▸ Excerpted data
*** Block opens ***

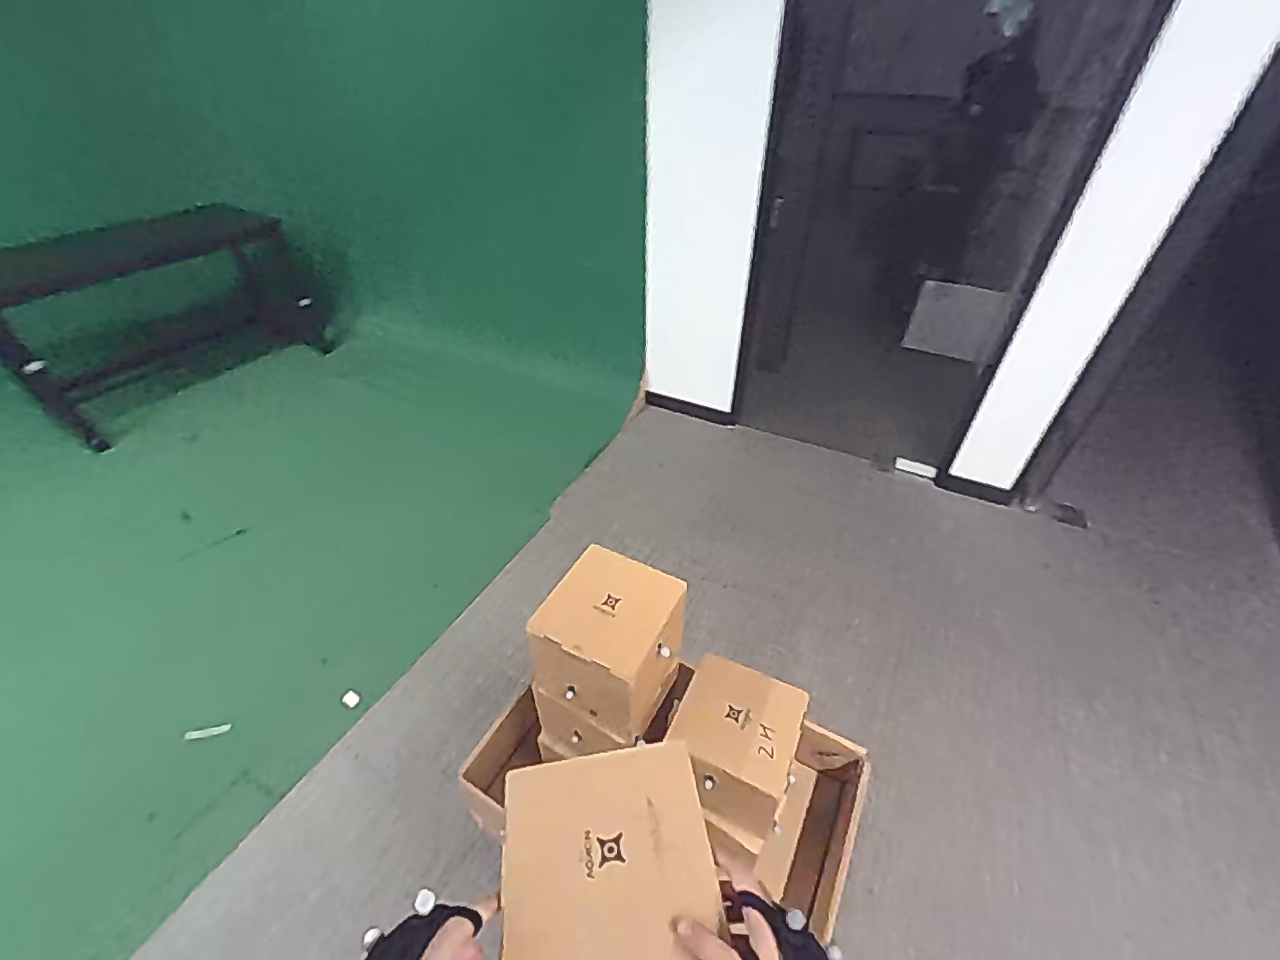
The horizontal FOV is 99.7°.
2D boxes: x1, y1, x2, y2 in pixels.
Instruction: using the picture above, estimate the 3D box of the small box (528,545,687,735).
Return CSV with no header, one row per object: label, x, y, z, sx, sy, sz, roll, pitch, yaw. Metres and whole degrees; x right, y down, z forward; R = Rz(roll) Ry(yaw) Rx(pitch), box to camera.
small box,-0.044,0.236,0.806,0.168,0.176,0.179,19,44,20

*** Block closes ***
*** Block opens ***

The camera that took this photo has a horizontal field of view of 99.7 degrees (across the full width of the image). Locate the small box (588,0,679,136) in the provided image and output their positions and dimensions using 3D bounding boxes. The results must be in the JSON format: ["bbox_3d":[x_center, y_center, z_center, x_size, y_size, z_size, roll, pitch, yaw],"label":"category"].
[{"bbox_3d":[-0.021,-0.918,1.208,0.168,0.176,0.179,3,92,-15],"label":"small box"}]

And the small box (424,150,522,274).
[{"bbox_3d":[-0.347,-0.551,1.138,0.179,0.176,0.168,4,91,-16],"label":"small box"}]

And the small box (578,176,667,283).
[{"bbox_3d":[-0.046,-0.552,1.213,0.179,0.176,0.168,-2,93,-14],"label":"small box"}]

*** Block closes ***

▸ Your instructions
Retype the entries above exactly, but only from the line containing "The horizontal FOV is 99.7°." through the line containing "Instruction: using the", both included.

▸ Your solution
The horizontal FOV is 99.7°.
2D boxes: x1, y1, x2, y2 in pixels.
Instruction: using the picture above, estimate the 3D box of the small box (528,545,687,735).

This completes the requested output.